**WHAT YOU WILL DO**
The expected output is the line holding "The horizontal FOV is 84.8°." plus every line after it through the end of the listing, copied exactly.

PROVIDED RECORDS: Begin

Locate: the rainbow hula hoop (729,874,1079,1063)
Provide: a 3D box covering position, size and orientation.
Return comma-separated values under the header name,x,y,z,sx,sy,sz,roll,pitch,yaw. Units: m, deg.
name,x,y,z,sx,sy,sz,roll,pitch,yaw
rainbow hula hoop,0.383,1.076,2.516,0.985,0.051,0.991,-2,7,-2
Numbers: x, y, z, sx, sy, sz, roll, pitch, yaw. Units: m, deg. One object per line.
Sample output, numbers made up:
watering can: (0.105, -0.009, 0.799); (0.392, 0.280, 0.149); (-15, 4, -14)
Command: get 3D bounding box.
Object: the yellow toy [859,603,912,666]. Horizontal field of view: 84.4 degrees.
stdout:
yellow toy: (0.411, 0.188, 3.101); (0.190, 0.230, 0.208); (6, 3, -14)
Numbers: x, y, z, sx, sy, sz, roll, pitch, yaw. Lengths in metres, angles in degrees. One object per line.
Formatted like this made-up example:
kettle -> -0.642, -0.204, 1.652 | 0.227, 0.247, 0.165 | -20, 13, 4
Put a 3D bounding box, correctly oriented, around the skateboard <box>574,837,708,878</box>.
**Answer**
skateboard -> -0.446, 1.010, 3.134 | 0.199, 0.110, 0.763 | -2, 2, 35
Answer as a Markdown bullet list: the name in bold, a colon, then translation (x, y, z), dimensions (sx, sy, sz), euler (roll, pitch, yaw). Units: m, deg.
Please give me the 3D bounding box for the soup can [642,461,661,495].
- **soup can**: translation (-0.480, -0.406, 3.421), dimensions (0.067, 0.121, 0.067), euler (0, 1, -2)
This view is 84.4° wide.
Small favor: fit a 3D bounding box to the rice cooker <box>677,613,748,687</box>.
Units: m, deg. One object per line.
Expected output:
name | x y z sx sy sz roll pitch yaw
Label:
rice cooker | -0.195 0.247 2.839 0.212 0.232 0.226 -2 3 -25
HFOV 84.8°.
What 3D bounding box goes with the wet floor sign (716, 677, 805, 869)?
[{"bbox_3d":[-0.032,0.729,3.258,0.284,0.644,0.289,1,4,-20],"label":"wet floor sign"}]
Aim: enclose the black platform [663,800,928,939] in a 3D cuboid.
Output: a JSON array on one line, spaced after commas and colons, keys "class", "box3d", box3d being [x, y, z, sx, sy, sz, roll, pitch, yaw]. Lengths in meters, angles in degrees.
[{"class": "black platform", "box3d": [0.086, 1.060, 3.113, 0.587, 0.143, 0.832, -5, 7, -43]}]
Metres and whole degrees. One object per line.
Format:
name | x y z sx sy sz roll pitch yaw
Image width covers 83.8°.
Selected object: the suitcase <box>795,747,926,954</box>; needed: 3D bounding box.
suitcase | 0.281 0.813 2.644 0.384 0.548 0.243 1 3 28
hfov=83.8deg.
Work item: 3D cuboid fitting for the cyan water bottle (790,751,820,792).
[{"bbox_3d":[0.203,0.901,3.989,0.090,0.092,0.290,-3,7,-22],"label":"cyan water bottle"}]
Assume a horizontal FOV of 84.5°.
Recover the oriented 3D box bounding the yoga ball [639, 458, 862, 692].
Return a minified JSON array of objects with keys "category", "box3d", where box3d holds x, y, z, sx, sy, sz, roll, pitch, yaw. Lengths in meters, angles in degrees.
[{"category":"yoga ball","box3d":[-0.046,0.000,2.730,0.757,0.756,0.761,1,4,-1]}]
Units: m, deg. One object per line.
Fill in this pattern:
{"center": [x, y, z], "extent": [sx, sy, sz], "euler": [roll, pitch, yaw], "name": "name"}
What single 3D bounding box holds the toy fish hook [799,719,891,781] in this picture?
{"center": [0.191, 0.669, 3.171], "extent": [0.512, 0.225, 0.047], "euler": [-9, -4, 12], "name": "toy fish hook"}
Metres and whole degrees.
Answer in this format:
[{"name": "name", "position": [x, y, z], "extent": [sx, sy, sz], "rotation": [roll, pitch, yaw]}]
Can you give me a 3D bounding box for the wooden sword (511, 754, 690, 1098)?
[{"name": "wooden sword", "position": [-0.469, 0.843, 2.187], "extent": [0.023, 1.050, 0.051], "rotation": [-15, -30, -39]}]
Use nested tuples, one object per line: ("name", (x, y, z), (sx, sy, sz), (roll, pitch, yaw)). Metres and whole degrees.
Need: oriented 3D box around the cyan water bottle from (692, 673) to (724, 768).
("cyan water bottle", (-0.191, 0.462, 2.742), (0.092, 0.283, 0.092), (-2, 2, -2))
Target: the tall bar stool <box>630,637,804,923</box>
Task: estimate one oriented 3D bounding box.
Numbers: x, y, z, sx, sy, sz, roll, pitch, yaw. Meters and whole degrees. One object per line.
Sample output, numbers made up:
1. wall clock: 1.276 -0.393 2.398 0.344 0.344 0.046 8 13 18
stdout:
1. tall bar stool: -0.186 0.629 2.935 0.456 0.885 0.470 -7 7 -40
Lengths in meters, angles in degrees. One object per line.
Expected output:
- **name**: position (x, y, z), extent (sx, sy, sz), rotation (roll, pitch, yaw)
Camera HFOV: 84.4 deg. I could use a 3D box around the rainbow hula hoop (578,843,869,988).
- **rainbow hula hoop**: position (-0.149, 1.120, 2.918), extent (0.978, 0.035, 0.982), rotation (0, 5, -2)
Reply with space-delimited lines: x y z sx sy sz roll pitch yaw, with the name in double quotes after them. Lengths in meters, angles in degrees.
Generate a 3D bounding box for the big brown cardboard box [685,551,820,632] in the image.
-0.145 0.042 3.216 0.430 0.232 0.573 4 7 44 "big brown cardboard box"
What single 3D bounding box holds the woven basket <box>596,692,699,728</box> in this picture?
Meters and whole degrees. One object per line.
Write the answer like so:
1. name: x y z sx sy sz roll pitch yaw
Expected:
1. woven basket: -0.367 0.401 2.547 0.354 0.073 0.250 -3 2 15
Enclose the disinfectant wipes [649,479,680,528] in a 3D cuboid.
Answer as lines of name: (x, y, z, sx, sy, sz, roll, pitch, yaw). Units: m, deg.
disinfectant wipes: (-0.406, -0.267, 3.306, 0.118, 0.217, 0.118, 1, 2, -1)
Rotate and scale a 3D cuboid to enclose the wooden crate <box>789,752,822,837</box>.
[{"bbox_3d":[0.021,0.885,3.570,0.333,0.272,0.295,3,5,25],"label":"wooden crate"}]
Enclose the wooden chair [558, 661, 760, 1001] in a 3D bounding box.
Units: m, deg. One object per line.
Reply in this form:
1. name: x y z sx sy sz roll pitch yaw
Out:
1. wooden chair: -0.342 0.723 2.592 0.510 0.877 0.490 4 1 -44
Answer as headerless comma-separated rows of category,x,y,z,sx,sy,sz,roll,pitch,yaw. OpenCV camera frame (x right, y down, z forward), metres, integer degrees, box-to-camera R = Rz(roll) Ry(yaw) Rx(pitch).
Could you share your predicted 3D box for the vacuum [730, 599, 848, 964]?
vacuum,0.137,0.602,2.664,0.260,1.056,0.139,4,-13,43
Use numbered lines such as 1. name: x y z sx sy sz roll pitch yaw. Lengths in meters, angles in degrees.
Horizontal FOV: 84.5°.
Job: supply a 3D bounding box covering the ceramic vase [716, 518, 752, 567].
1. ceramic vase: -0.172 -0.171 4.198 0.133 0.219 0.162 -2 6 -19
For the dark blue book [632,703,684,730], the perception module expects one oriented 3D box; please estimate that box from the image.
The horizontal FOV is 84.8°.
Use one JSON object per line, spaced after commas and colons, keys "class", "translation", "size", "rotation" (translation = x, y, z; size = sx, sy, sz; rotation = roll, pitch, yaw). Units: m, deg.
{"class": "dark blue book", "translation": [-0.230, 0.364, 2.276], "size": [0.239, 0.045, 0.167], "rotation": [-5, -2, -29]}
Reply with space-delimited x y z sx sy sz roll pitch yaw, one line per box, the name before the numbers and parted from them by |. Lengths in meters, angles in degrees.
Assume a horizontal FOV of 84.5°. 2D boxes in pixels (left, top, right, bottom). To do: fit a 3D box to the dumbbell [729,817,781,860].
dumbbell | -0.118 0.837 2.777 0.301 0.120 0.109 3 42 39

PROVIDED RECORDS: End

**ANSWER TO THE EXERCISE**
The horizontal FOV is 84.8°.
Use one JSON object per line, spaced after commas and colons, keys "class", "translation", "size", "rotation" (translation = x, y, z; size = sx, sy, sz; rotation = roll, pitch, yaw). Units: m, deg.
{"class": "dark blue book", "translation": [-0.230, 0.364, 2.276], "size": [0.239, 0.045, 0.167], "rotation": [-5, -2, -29]}
Reply with space-delimited x y z sx sy sz roll pitch yaw, one line per box, the name before the numbers and parted from them by |. Lengths in meters, angles in degrees.
Assume a horizontal FOV of 84.5°. 2D boxes in pixels (left, top, right, bottom). To do: fit a 3D box to the dumbbell [729,817,781,860].
dumbbell | -0.118 0.837 2.777 0.301 0.120 0.109 3 42 39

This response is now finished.